When O falls into this sort of mood, it helps to change the subject. “What do you think about the nuclear problem?” I asked.
“What about it?”
“Solution on the horizon, denuclearization, opening to the outside, joining the civilized community of nations – that sort of thing.”
“I think you may just have broken a record for the most condescending thoughts in a single sentence.”
“Why? You signed onto all of the documents, don’t forget.”
“Are we talking near horizon or far horizon? Many things are possible in the fullness of time.”
“You sound more and more like a fortune cookie. Must be all that Chinese investment.”
He refused to be baited. “Always in the hurry, always with deadlines. I’d hope your side would be satisfied with the fact that things are going in the right direction. But no, it’s all or nothing. Well, you know what that means.”

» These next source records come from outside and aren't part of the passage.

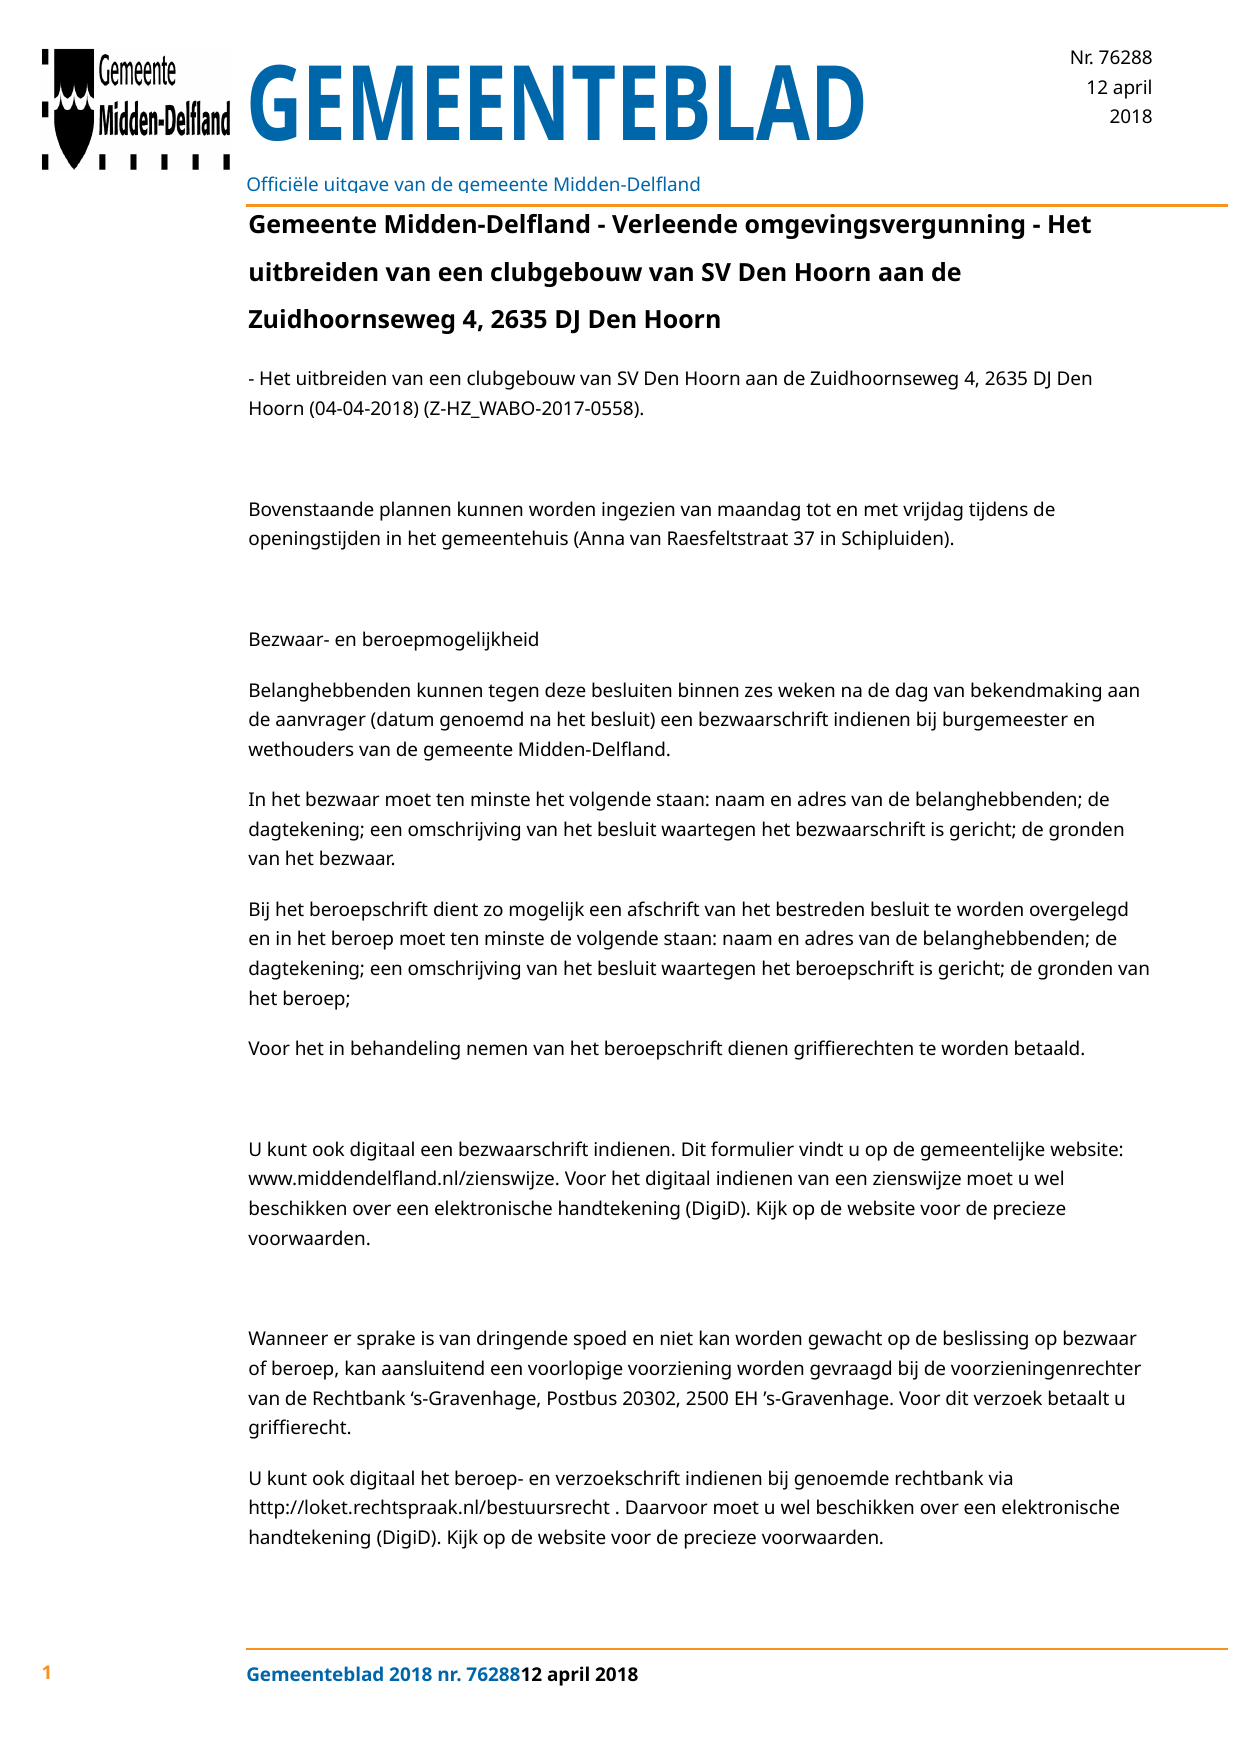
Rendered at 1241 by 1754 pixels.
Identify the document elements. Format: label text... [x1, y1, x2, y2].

text Gemeente Midden-Delfland - Verleende omgevingsvergunning - Het uitbreiden van een clubgebouw van SV Den Hoorn aan de Zuidhoornseweg 4, 2635 DJ Den Hoorn [248, 207, 1152, 336]
picture [41, 47, 231, 172]
text Voor het in behandeling nemen van het beroepschrift dienen griffierechten te worden betaald. [248, 1035, 1152, 1061]
text Bovenstaande plannen kunnen worden ingezien van maandag tot en met vrijdag tijdens de openingstijden in het gemeentehuis (Anna van Raesfeltstraat 37 in Schipluiden). [248, 496, 1152, 551]
text U kunt ook digitaal het beroep- en verzoekschrift indienen bij genoemde rechtbank via http://loket.rechtspraak.nl/bestuursrecht . Daarvoor moet u wel beschikken over een elektronische handtekening (DigiD). Kijk op de website voor de precieze voorwaarden. [248, 1465, 1152, 1549]
text In het bezwaar moet ten minste het volgende staan: naam en adres van de belanghebbenden; de dagtekening; een omschrijving van het besluit waartegen het bezwaarschrift is gericht; de gronden van het bezwaar. [248, 786, 1152, 871]
text Wanneer er sprake is van dringende spoed en niet kan worden gewacht op de beslissing op bezwaar of beroep, kan aansluitend een voorlopige voorziening worden gevraagd bij de voorzieningenrechter van de Rechtbank ‘s-Gravenhage, Postbus 20302, 2500 EH ’s-Gravenhage. Voor dit verzoek betaalt u griffierecht. [248, 1326, 1152, 1440]
text - Het uitbreiden van een clubgebouw van SV Den Hoorn aan de Zuidhoornseweg 4, 2635 DJ Den Hoorn (04-04-2018) (Z-HZ_WABO-2017-0558). [248, 366, 1152, 421]
text Bij het beroepschrift dient zo mogelijk een afschrift van het bestreden besluit te worden overgelegd en in het beroep moet ten minste de volgende staan: naam en adres van de belanghebbenden; de dagtekening; een omschrijving van het besluit waartegen het beroepschrift is gericht; de gronden van het beroep; [248, 896, 1152, 1010]
text U kunt ook digitaal een bezwaarschrift indienen. Dit formulier vindt u op de gemeentelijke website: www.middendelfland.nl/zienswijze. Voor het digitaal indienen van een zienswijze moet u wel beschikken over een elektronische handtekening (DigiD). Kijk op de website voor de precieze voorwaarden. [248, 1136, 1152, 1250]
text Bezwaar- en beroepmogelijkheid [248, 626, 1152, 652]
text Belanghebbenden kunnen tegen deze besluiten binnen zes weken na de dag van bekendmaking aan de aanvrager (datum genoemd na het besluit) een bezwaarschrift indienen bij burgemeester en wethouders van de gemeente Midden-Delfland. [248, 677, 1152, 762]
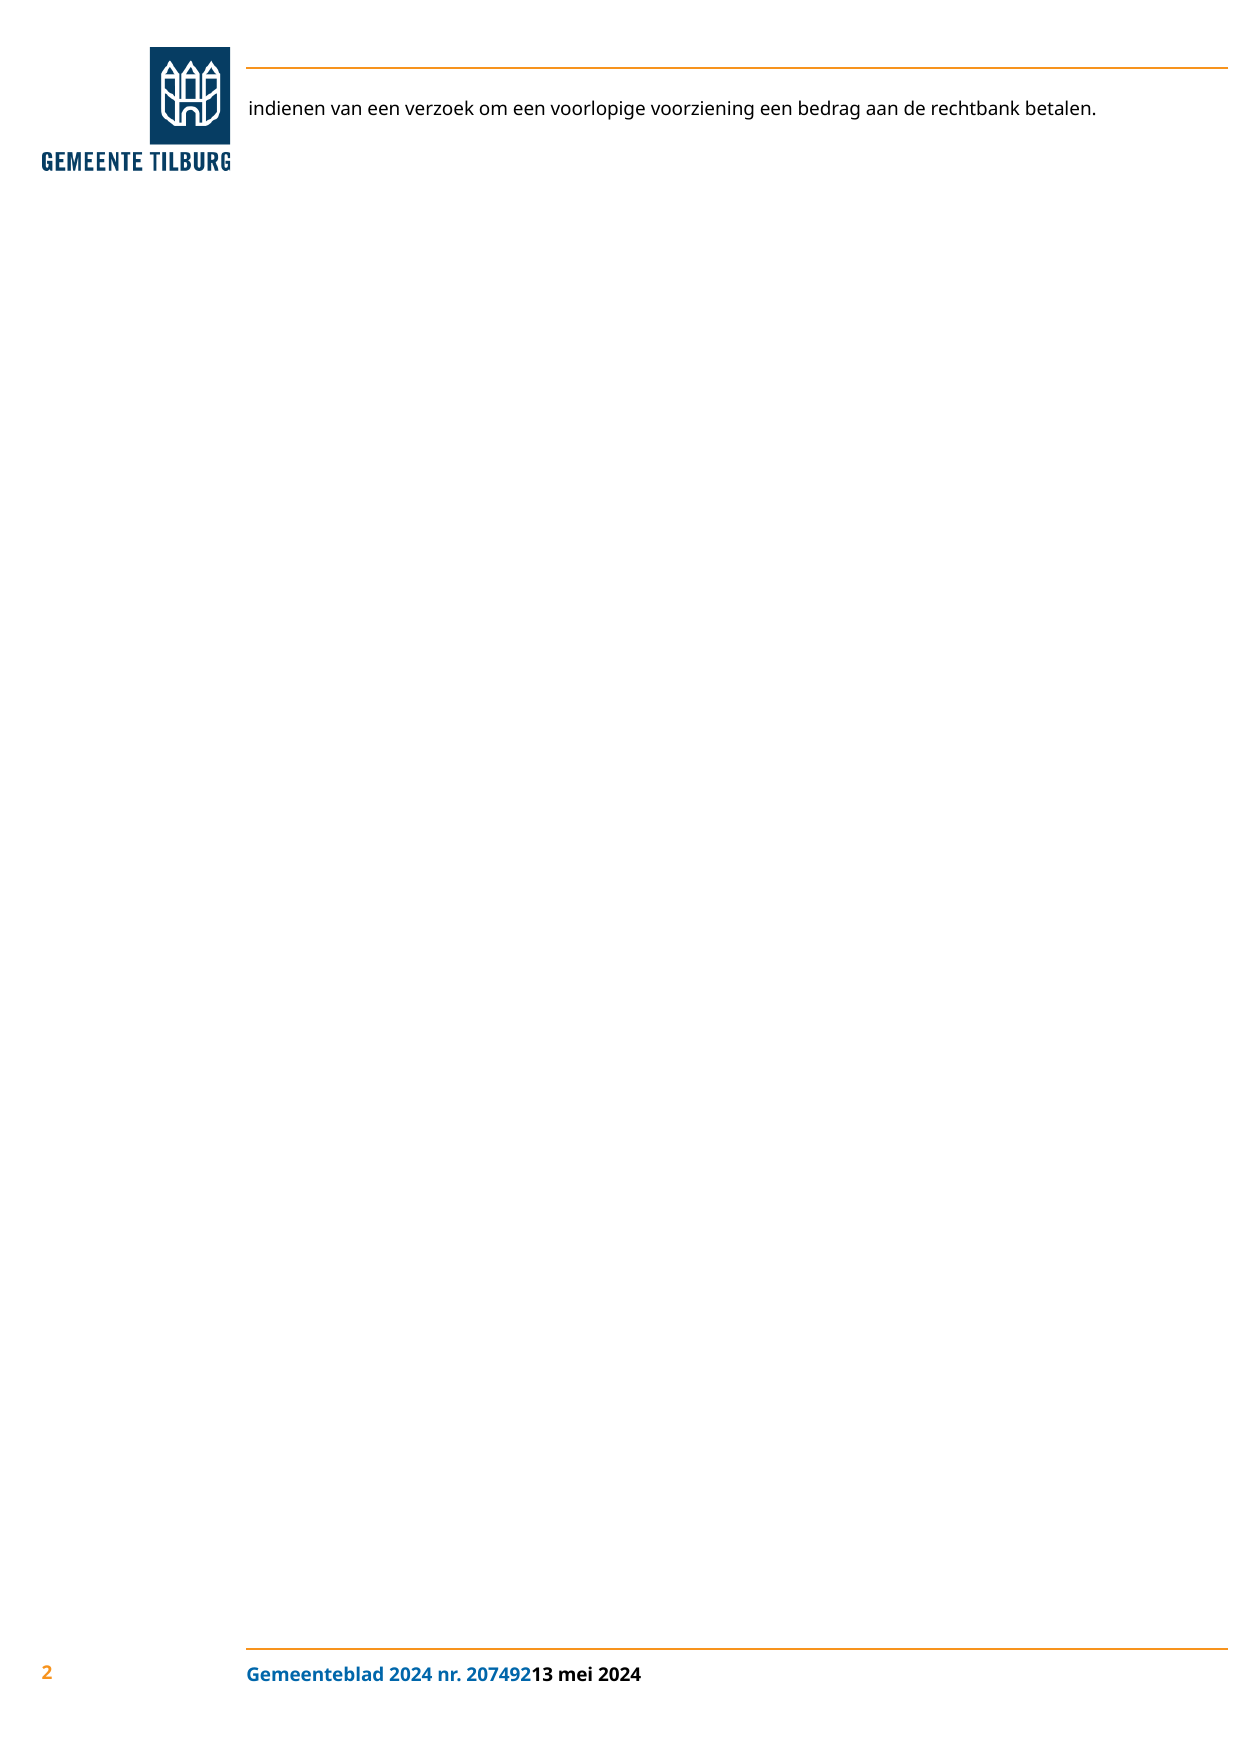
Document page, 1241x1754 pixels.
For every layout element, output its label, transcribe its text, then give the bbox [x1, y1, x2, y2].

text indienen van een verzoek om een voorlopige voorziening een bedrag aan de rechtbank betalen. [248, 95, 1152, 121]
picture [41, 47, 231, 172]
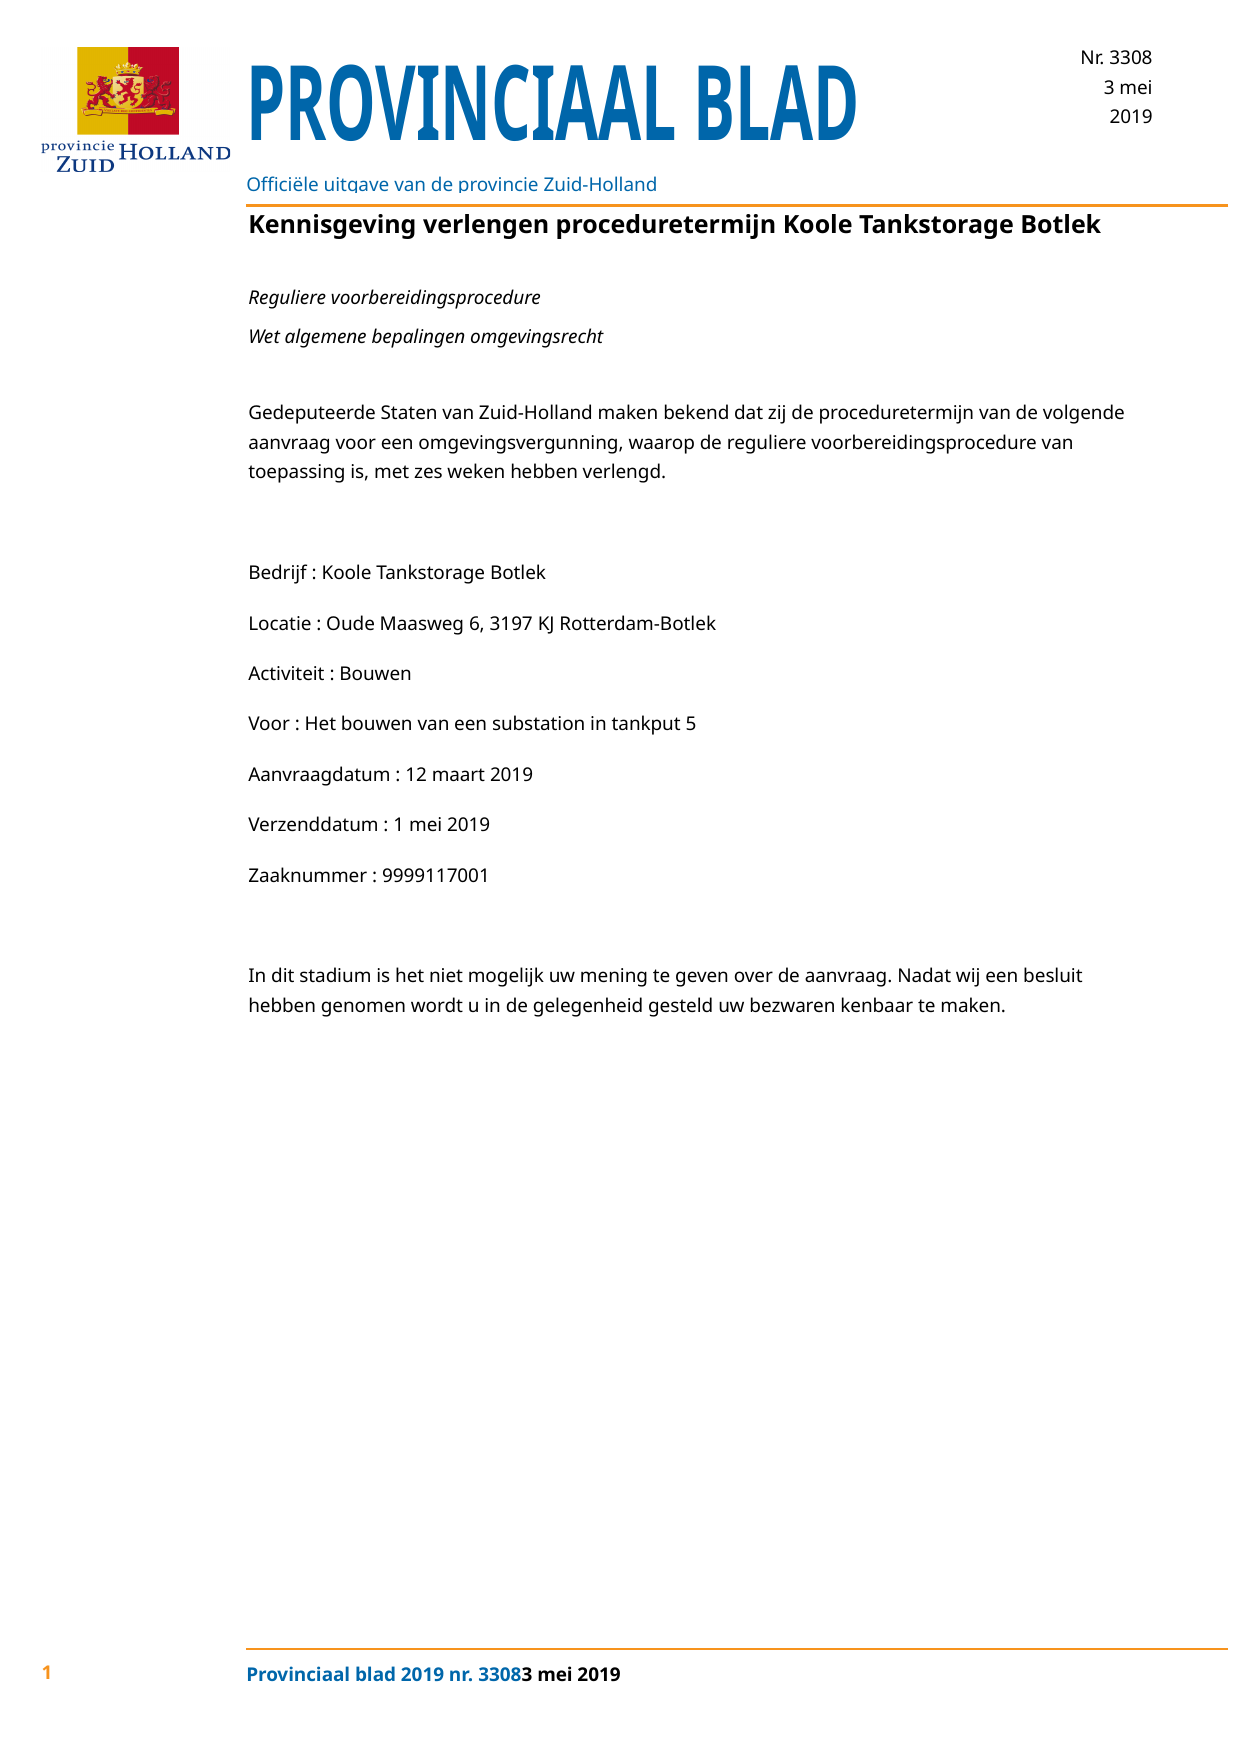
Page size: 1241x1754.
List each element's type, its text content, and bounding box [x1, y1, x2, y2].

text Aanvraagdatum : 12 maart 2019 [248, 761, 1152, 787]
text Voor : Het bouwen van een substation in tankput 5 [248, 711, 1152, 736]
text Bedrijf : Koole Tankstorage Botlek [248, 559, 1152, 585]
text Locatie : Oude Maasweg 6, 3197 KJ Rotterdam-Botlek [248, 610, 1152, 635]
picture [41, 47, 231, 172]
text Wet algemene bepalingen omgevingsrecht [248, 323, 1152, 349]
text Reguliere voorbereidingsprocedure [248, 284, 1152, 309]
text Kennisgeving verlengen proceduretermijn Koole Tankstorage Botlek [248, 207, 1152, 241]
text Activiteit : Bouwen [248, 660, 1152, 686]
text Verzenddatum : 1 mei 2019 [248, 811, 1152, 837]
text Zaaknummer : 9999117001 [248, 862, 1152, 887]
text Gedeputeerde Staten van Zuid-Holland maken bekend dat zij de proceduretermijn van de volgende aanvraag voor een omgevingsvergunning, waarop de reguliere voorbereidingsprocedure van toepassing is, met zes weken hebben verlengd. [248, 399, 1152, 484]
text In dit stadium is het niet mogelijk uw mening te geven over de aanvraag. Nadat wij een besluit hebben genomen wordt u in de gelegenheid gesteld uw bezwaren kenbaar te maken. [248, 963, 1152, 1018]

“This is the best chance you’ll get; passing it up while a conservative Republican is in office will be a mistake.”
“How many times have we heard that? ‘You better deal with Brezhnev’ some Soviets used to tell me. ‘You never know what will come next.’ If I had a cigarette for every time someone told us we’d better move now and not wait, my name would be Marlboro. It’s now or never, they say. But you know what? We’re still here. Some of them have disappeared, but here we are.”
“Not in the best situation, you should pardon me for saying so.”
“Best situation? And who is? The people of Iraq? Don’t tell me, sometimes you have to break an egg to make an omelette.”
I didn’t say anything. I don’t actually like omelettes.
O looked at his watch. “Speaking of best chances, what if I told you this is your best chance and you’d better take it. What if I said you don’t know what might be around the corner?”
“You’re not saying what I think you’re saying, are you?”
“I never say what you think I’m saying. That’s part of the problem. Just don’t be so sure you have the upper hand all the time.” He smiled. “No offence. Well, I’ve got to get moving. My plane leaves in a couple of hours. You staying around here?”
“I thought I’d take a train to Zurich. Geneva is pretty dull this time of year.”
“Trust me, it’s dull anytime of year. Take it easy.” He stood up, and walked down the path toward the city.
“Be good,” I called out.
He turned, glad to be ending on a familiar note. “And if you can’t be good,” he called back, “be careful.” The path disappeared around a big horse chestnut tree, and I couldn’t see him anymore.